Dukung Program Jawa Tengah Zero Bullying, Polisi di Demak Blusukan Kesekolah

INLINK, Demak – Polres Demak menggelar Psikoedukasi Anti-bullying bagi pelajar di SMP N 1 Karangawen. Kegiatan tersebut dalam rangka Hari Bhayangkara Ke-78 dengan tujuan untuk mencegah terjadinya kasus bullying yang kerap terjadi di sekolah.

“Psikoedukasi dan sosialisasi pencegahan bullying ini untuk upaya memberikan rasa aman dan nyaman pelajar yang bersekolah guna mencegah aksi bullying atau perundungan di lingkungan sekolah,” ujar Kanit II Satreskrim Polres Demak, Iptu Kuntoro, Selasa (11/6/2024).

Kuntoro menjelaskan, kegiatan ini juga untuk mendukung program ‘Jawa Tengah Zero Bullying’ yang diluncurkan oleh Kapolda Jawah Tengah untuk memberikan perlindungan siswa dari aksi perundungan.

Hal ini untuk memastikan tercapainya tujuan utama bersekolah, yaitu fokus belajar mempersiapkan diri sebagai generasi penerus bangsa.

“Tugas anak di sekolah adalah belajar, menaati tata tertib sekolah, dan berbakti kepada orang tua,” tuturnya.

Dikatakannya, perundungan merupakan perilaku tidak menyenangkan baik secara verbal, fisik, atau sosial. Aksi ini bisa dilakukan baik di dunia nyata maupun dunia maya yang membuat seseorang merasa tidak nyaman, sakit hati, dan tertekan. Pelakunya bisa perorangan ataupun kelompok.

“Bullying bentuknya bisa berupa fisik seperti memukul, menampar, mendorong, menggigit, menendang, mencubit, menjambak rambut, pelecehan seksual dan lainnya,” terang Kuntoro.

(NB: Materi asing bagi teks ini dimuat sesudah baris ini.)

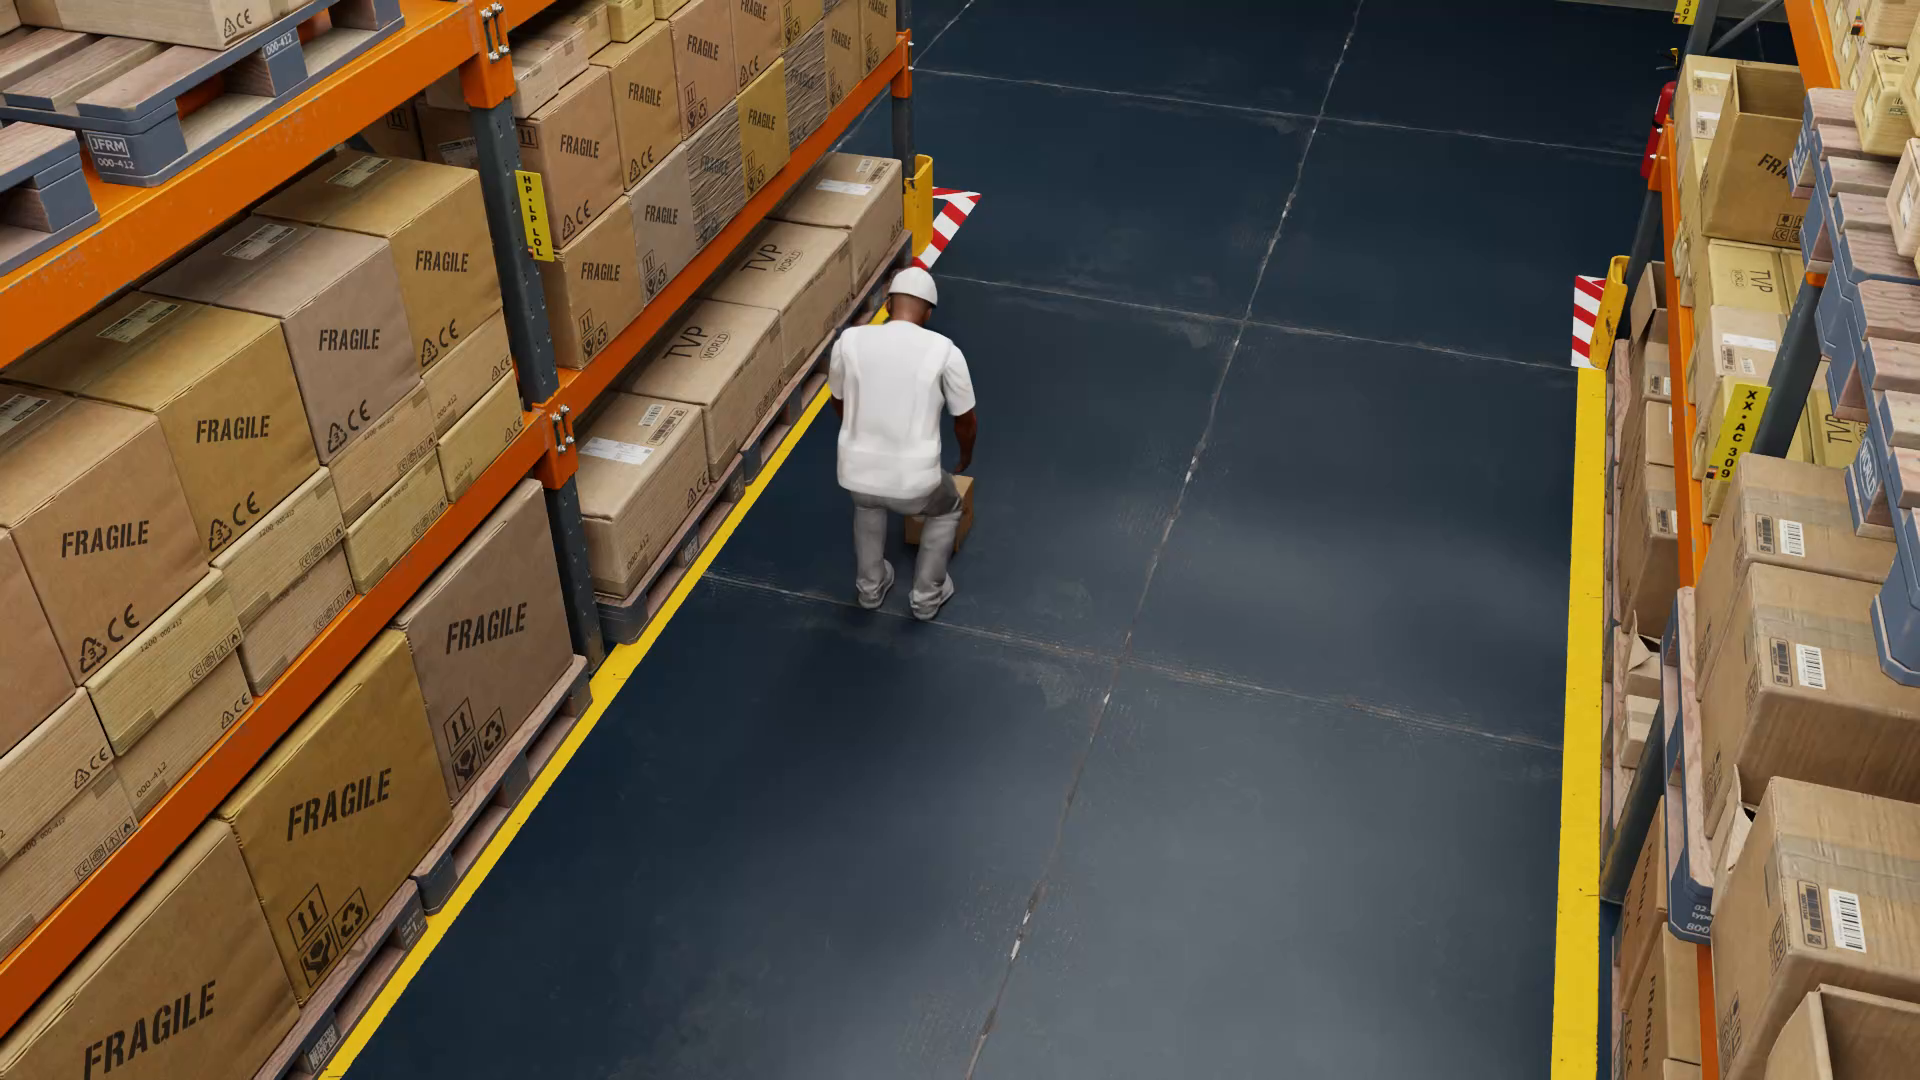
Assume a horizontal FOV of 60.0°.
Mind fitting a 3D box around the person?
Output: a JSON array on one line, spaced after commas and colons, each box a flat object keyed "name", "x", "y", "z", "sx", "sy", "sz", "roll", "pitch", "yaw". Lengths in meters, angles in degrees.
[{"name": "person", "x": -0.263, "y": -0.371, "z": 6.905, "sx": 0.631, "sy": 1.432, "sz": 0.747, "roll": 11, "pitch": 38, "yaw": 14}]

Sedangkan perundungan non-verbal, terang Kuntoro, bentuknya berupa mengancam, mempermalukan, merendahkan, mengganggu, memanggil dengan julukan mengejek atau kecacatan fisik. Ia juga menyoroti kasus cyber bullying yang biasanya marak di media sosial.

Untuk mencegah perundungan dan dampaknya ini, para pelajar harus melakukan pengembangan budaya relasi atau pertemanan yang positif, saling mendukung dan merangkul teman yang menjadi korban bullying.

Lalu dapat memaksimalkan Patroli Keamanan Sekolah (PKS) bersama Bhabinkamtibmas dengan harapan jika terjadi kasus bullying dapat segera ditangani.

“Bentuk pencegahan lain bisa ikut serta membuat dan menegakkan aturan sekolah terkait pencegahan bullying, peran dan pengawasan dari pihak sekolah,” jelas Kuntoro.

Dia menambahkan, pihaknya juga memberikan arahan dan motivasi kepada anak-anak SMP N 1 Karangawen di antaranya terkait kecelakaan lalulintas, narkoba, kenakalan remaja, informasi hoax dan pelanggaran pidana,

“Kemudian¬†kita berikan juga arahan dan motivasi kepada anak-anak di seluruh sekolah khususnya di SMP N 1 Karangawen ini agar tidak ikut dan terlibat dalam kelompok-kelompok yang meresahkan masyarakat seperti tawuran dan menebar rasa takut kepada masyarakat,” pungkasnya.